Matias disse, não tendo outras palavras além daquelas após ouvir o relato de Irina. Ela observava o lago a certa distância do banco onde estavam, parecendo perdida demais em si mesma. Na verdade, ela parecia assim desde que chegaram ao parque. 

― Seu irmão sabe onde encontrar fadas dispostas a conversar?

― Não falo com Estevão desde que nos despedimos naquela noite. Nós não brigamos ― ela continuou, indo contra o pensamento mais óbvio após o relato detalhado que dera da busca com o irmão. Matias precisava dizer que surpreendera-se ao ouvir Irina falar de forma ininterrupta por tantos minutos, era sempre tão sucinta nas palavras. ― Não sei se ele se retirou da cidade por uns dias novamente ou o que aconteceu.

Matias ponderou rapidamente, ignorando uma senhora que passou por eles e os encarou com censura, seguindo seu caminho. 

― Eu posso ajudá-los. Não é difícil conseguir uma audiência com qualquer um do Submundo ao usar o nome de minha família.

― Como vai a sua família? ― A bruxa voltou os olhos cinzentos para ele, invertendo o jogo de quem era o foco. Matias tentara evitar aquele momento desde que se encontraram, porém, não podia evadir-se para sempre. 

O clima na casa dos Salazarte estava cada vez mais insuportável desde a semana anterior. Fazia exatos sete dias desde que Matilda se trancara no quarto, Matias não suportava olhar para o próprio pai e suas poucas conversas se reduziam a assuntos práticos, com Leônidas sequer mencionando algo sobre a carta de Inês que nunca seria capaz de encontrar, pois o filho a tinha em sua posse. Quanto a Meredith, as poucas vezes em que se viram estreitaram-se em evitar a razão da discussão com o pai e as reclamações dela sobre as aulas de poções que fora obrigada a começar.

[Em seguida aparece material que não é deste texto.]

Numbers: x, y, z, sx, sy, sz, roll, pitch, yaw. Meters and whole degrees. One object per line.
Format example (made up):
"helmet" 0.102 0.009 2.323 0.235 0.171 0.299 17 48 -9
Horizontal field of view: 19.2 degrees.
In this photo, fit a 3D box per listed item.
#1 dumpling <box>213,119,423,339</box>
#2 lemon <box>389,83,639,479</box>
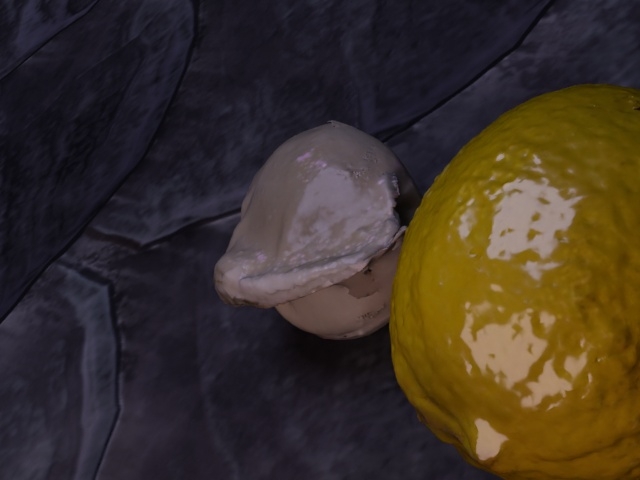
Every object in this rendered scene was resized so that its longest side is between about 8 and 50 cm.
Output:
"dumpling" 0.000 0.000 1.127 0.136 0.118 0.199 -35 8 7
"lemon" 0.124 0.023 0.879 0.181 0.181 0.193 -9 64 45
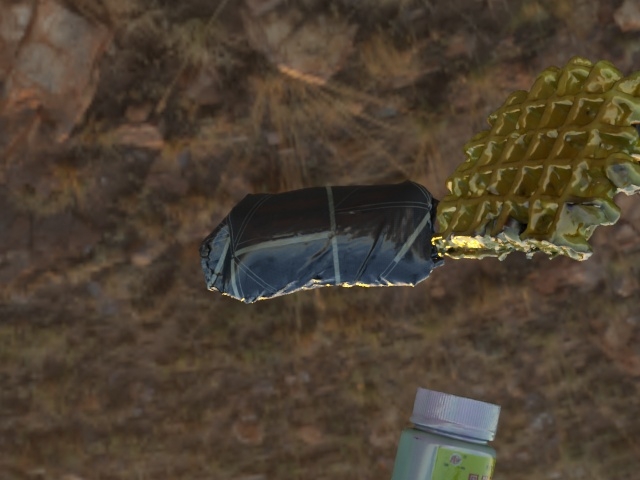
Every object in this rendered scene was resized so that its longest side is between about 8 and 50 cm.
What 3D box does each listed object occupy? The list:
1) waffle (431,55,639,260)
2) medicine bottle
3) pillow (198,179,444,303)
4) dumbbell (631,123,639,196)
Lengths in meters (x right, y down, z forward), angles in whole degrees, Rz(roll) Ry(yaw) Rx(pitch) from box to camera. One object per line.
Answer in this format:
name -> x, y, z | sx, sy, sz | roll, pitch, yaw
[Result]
waffle -> 0.229, -0.070, 1.259 | 0.065, 0.283, 0.309 | 28, 121, -25
medicine bottle -> 0.171, 0.328, 1.658 | 0.139, 0.225, 0.139 | 12, 174, 1
pillow -> 0.000, 0.000, 1.623 | 0.335, 0.161, 0.092 | -4, 153, 5
dumbbell -> 0.500, -0.175, 1.456 | 0.179, 0.179, 0.406 | -4, 153, -8
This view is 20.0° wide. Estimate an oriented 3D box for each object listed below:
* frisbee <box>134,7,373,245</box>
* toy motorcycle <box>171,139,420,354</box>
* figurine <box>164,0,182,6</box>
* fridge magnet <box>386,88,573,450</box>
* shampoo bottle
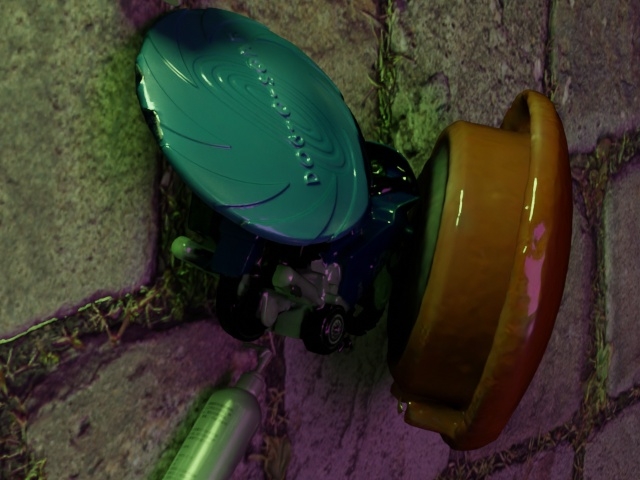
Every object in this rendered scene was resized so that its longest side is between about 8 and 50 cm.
[{"bbox_3d":[-0.046,-0.105,1.532,0.242,0.045,0.242,25,45,-28],"label":"frisbee"},{"bbox_3d":[0.000,0.000,1.687,0.331,0.125,0.196,2,101,-62],"label":"toy motorcycle"},{"bbox_3d":[-0.101,-0.261,1.502,0.098,0.081,0.146,40,60,-11],"label":"figurine"},{"bbox_3d":[0.160,0.027,1.794,0.363,0.155,0.363,-167,-90,-87],"label":"fridge magnet"},{"bbox_3d":[-0.091,0.179,1.663,0.195,0.056,0.056,-60,141,-24],"label":"shampoo bottle"}]
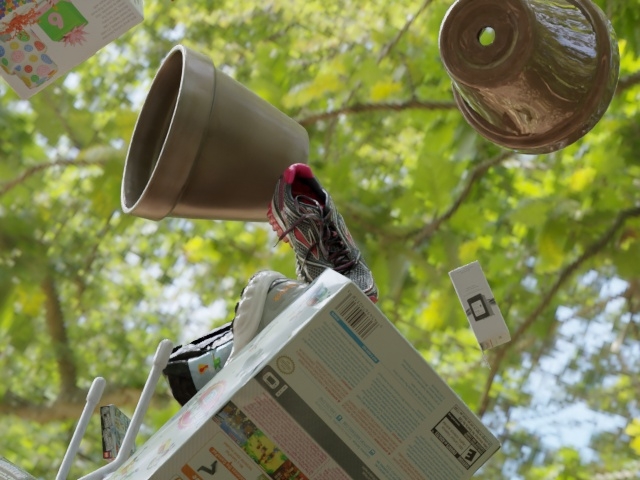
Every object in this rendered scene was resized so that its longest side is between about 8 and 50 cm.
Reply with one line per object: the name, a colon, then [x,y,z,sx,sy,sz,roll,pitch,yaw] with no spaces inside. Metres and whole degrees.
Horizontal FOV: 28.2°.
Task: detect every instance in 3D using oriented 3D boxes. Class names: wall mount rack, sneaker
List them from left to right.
wall mount rack: [-0.318,0.254,1.524,0.350,0.304,0.131,-28,-93,52]
sneaker: [-0.064,0.172,1.554,0.108,0.272,0.100,10,-9,29]
sneaker: [0.000,0.000,2.174,0.299,0.120,0.112,54,-33,29]

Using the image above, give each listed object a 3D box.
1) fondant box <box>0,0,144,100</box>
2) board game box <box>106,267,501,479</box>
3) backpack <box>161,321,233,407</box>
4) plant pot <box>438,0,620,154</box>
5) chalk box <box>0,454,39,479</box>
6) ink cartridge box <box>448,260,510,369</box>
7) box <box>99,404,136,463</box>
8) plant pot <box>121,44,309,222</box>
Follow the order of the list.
fondant box: [-0.459,-0.410,1.931,0.238,0.096,0.330,-32,-58,10]
board game box: [-0.021,0.210,1.158,0.224,0.303,0.097,48,-7,-16]
backpack: [-0.055,0.214,2.273,0.273,0.355,0.290,58,14,13]
plant pot: [0.282,-0.271,1.872,0.263,0.263,0.229,7,-2,31]
chalk box: [-0.491,0.382,1.815,0.132,0.132,0.213,31,5,8]
ink cartridge box: [0.299,0.137,2.327,0.060,0.180,0.104,-23,-16,5]
box: [-0.353,0.349,2.232,0.027,0.094,0.137,-10,-22,4]
plant pot: [-0.184,-0.164,2.355,0.280,0.323,0.323,17,-26,-21]
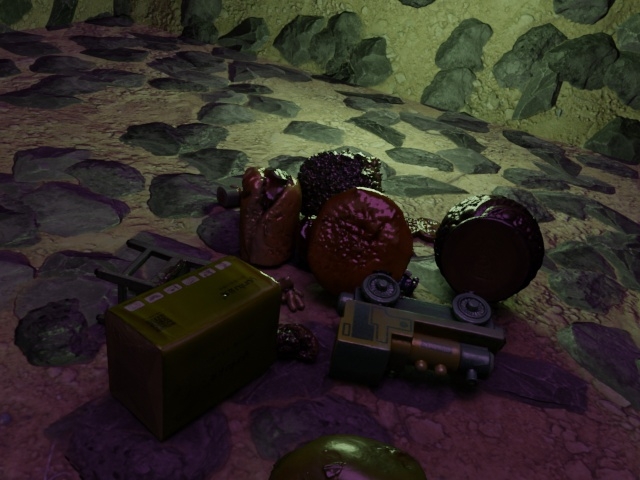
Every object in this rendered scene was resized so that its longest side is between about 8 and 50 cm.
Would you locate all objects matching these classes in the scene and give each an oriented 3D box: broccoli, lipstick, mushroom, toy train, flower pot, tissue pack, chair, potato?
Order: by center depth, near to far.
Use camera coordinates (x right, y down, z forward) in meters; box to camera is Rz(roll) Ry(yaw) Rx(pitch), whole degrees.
[{"bbox_3d":[0.048,0.370,0.888,0.253,0.148,0.186,6,33,-9],"label":"potato"},{"bbox_3d":[-0.219,0.178,1.075,0.167,0.200,0.275,28,35,31],"label":"tissue pack"},{"bbox_3d":[-0.302,0.115,1.220,0.270,0.136,0.147,16,32,7],"label":"chair"},{"bbox_3d":[0.208,0.201,1.242,0.369,0.150,0.237,11,38,1],"label":"toy train"},{"bbox_3d":[0.392,0.029,1.416,0.267,0.266,0.267,19,14,14],"label":"flower pot"},{"bbox_3d":[-0.001,0.000,1.541,0.171,0.135,0.080,0,-8,-40],"label":"mushroom"},{"bbox_3d":[0.073,-0.137,1.694,0.260,0.235,0.288,-9,72,-28],"label":"broccoli"},{"bbox_3d":[-0.209,-0.141,1.767,0.186,0.057,0.063,-11,33,-37],"label":"lipstick"}]

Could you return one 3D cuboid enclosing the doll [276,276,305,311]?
[{"bbox_3d":[-0.071,0.126,1.387,0.061,0.051,0.093,-11,65,-34],"label":"doll"}]

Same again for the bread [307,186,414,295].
[{"bbox_3d":[0.098,0.012,1.410,0.268,0.268,0.146,19,-9,13],"label":"bread"}]

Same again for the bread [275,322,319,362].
[{"bbox_3d":[-0.059,0.203,1.224,0.113,0.060,0.082,3,33,-10],"label":"bread"}]

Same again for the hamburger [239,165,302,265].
[{"bbox_3d":[-0.130,-0.096,1.567,0.162,0.209,0.330,8,32,-5],"label":"hamburger"}]

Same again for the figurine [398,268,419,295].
[{"bbox_3d":[0.170,0.082,1.499,0.149,0.087,0.086,30,33,3],"label":"figurine"}]

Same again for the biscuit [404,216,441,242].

Sequer tocou no assunto de que ela também tinha seus segredos a esconder. Era patético, para ainda ser um pouco gentil com os adjetivos a respeito de si mesmo. 

Rui estava certo em cada uma das palavras que lhe dissera na última vez em que se encontraram e, por mais que seu orgulho se recusasse a tomar aquilo como verdade, negá-las seria inútil, pois a realidade estapeava-lhe na cara todos os dias.

Mais um dia sem atitude e mais um dia sendo soterrado pelos problemas que não fazia ideia de como se livrar.

Por isso, desejava tanto os minutos que passava fora de casa ― com exceção daqueles que ia, sem sucesso, cobrar os inquilinos que ainda deviam ―. E, mais especificamente, desejava ainda mais os minutos que poderia passar com Irina, fosse em sonhos ou pessoalmente.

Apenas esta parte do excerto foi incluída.